Algunas teorías psicológicas sostienen que los sueños son producto del material que guardamos en el inconsciente, sin embargo, la inconsciencia no existe. Hay distintos niveles de consciencia pero ninguno de ellos es inconsciente. Pensémoslo de este modo, nosotros somos semejantes de Dios, si Dios es completamente consciente, ¿por qué nosotros seríamos diferentes?

El concepto de “inconsciente” surgió en la época victoriana, la cual se caracterizaba por establecer un enorme tabú respecto a la sexualidad. Al aceptar esta teoría, las personas admitieron la existencia del deseo sexual, pero lo depositaron en una instancia separada de ellos de modo que el inconsciente se convirtió en un recurso que nos evita asumir la responsabilidad por nuestros actos y pensamientos.

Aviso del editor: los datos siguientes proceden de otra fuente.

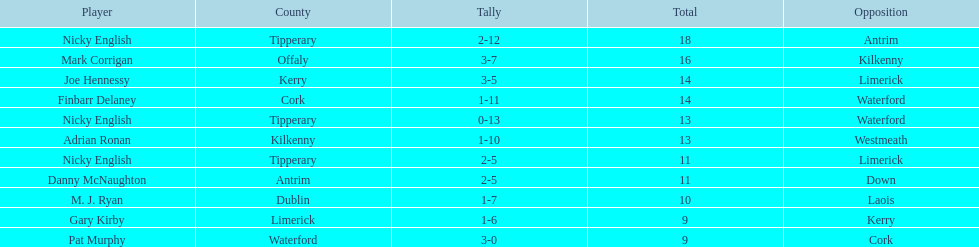Joe hennessy and finbarr delaney both scored how many points? 14.

Con la programación de la infancia, nos enseñaron a crear divisiones en nuestra consciencia y ocultar, incluso de nosotros mismos, todo lo que juzgamos como “malo” respecto a nuestra personalidad.

Cuando dormimos, una parte del espíritu, conocida como cuerpo astral, sale del cuerpo físico pero se mantiene conectada a él a través del cordón de plata. La mayoría de las veces se queda dentro del aura, que es la energía que nos rodea y donde se almacena nuestra información espiritual. En el aura se encuentran imágenes dispersas de nuestras emociones, recuerdos, momentos presentes, vestigios de vidas pasadas y eventos probables en el futuro.

Al pasearnos a través del aura, estas imágenes se nos presentan de manera ilógica, por eso al soñar saltamos de una escena en la oficina a un viaje en burro a través del océano. Varias de las imágenes que se manifiestan son producto de las emociones en que hemos enfocado la consciencia, tanto en esta vida como en vidas pasadas. Incluso, si la emoción es muy fuerte, la persona, aunque esté dormida, vive la imagen de su emoción, es lo que le ocurre a los sonámbulos.

En algún momento del sueño, la consciencia puede cambiar de enfoque y en vez de concentrarse en las funciones corporales o en las imágenes del aura, logra despegarse del cuerpo y acceder otros niveles astrales. Los sueños que se sienten reales y se recuerdan con mucha claridad se producen en otros niveles de consciencia en los que podemos encontrarnos con gente que ha fallecido, ver imágenes del futuro y hasta visitar otros planetas. Estos sueños son como visitar la biblioteca astral en la cual toda la información de la Universa es accesible si buscamos adecuadamente.

El sueño lúcido consiste en entrenar el cuerpo astral y guiarlo de manera consciente durante los sueños. Quienes los experimentan son capaces de reconocer que están soñando y manipulan sus sueños con la confianza de saber que hagan lo que hagan, su cuerpo físico está seguro. Hay diversas técnicas que nos permiten inducirnos a un sueño lúcido e incluso, con algunos años de práctica, no sólo se exploran niveles astrales, sino también lo que ocurre alrededor del cuerpo.

Este tipo de experiencias se conocen como viajes astrales. En un viaje astral es posible salir del cuerpo y vernos a nosotros mismos recostados en la cama, andar por la habitación o flotar hacia otros mundos, pero siempre conectados al cuerpo a través del hilo de plata. Si nuestra consciencia se enfoca con gran intensidad, incluso conseguiríamos mover objetos.

Quizá estas experiencias extra-corporales llegan a generar temor en algunas personas, sin embargo, una vez que reconocemos nuestra naturaleza espiritual, es más sencillo separarnos momentáneamente del cuerpo y explorar las infinitas posibilidades que nuestra consciencia logra alcanzar cuando deja de enfocarse en emociones negativas.

En el mundo de los sueños no hay imposibles, allí podemos teletransportarnos, volar, atravesar paredes, conocer información de nuestro pasado, del futuro o viajar a cualquier lugar, y todo esto, desde la comodidad de la almohada.